• **Problem**: Output the listing below verbatim, but drop the images.

• **Collected material**:
-------------------------

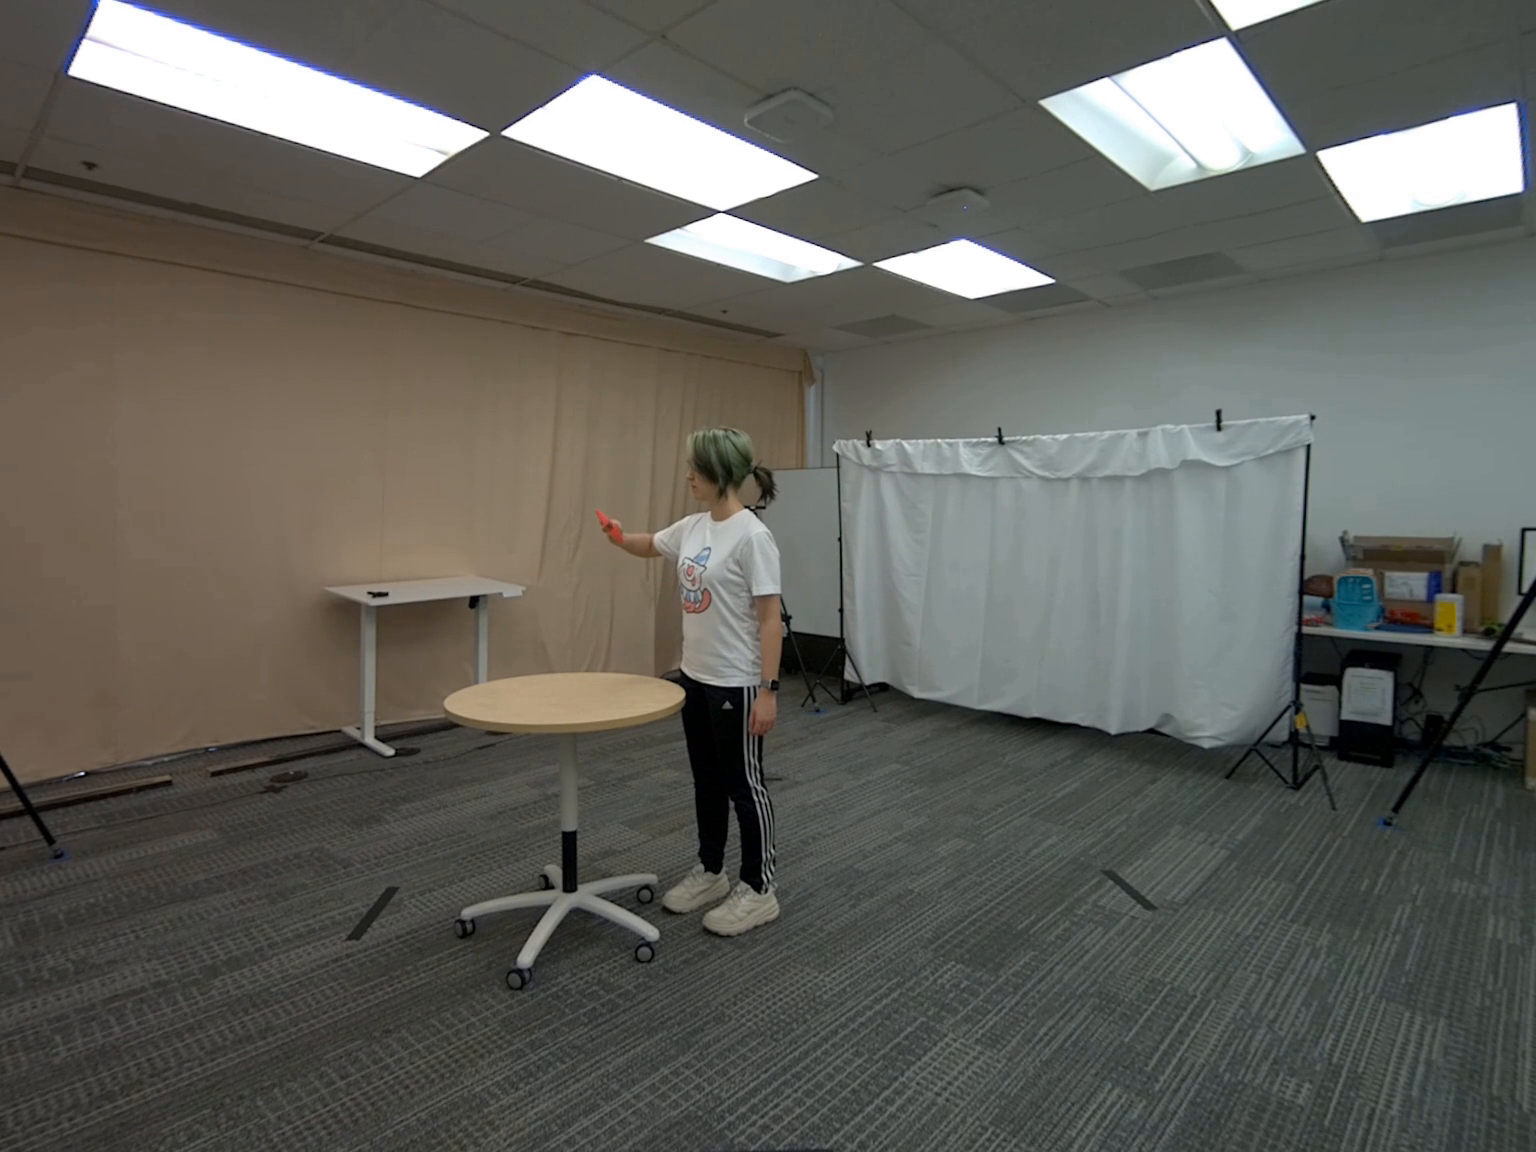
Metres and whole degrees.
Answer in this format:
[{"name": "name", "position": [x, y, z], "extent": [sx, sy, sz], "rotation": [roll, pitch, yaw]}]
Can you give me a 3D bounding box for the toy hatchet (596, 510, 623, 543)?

-------------------------

• **Result of this exercise**:
Metres and whole degrees.
Answer in this format:
[{"name": "name", "position": [x, y, z], "extent": [sx, sy, sz], "rotation": [roll, pitch, yaw]}]
Can you give me a 3D bounding box for the toy hatchet (596, 510, 623, 543)?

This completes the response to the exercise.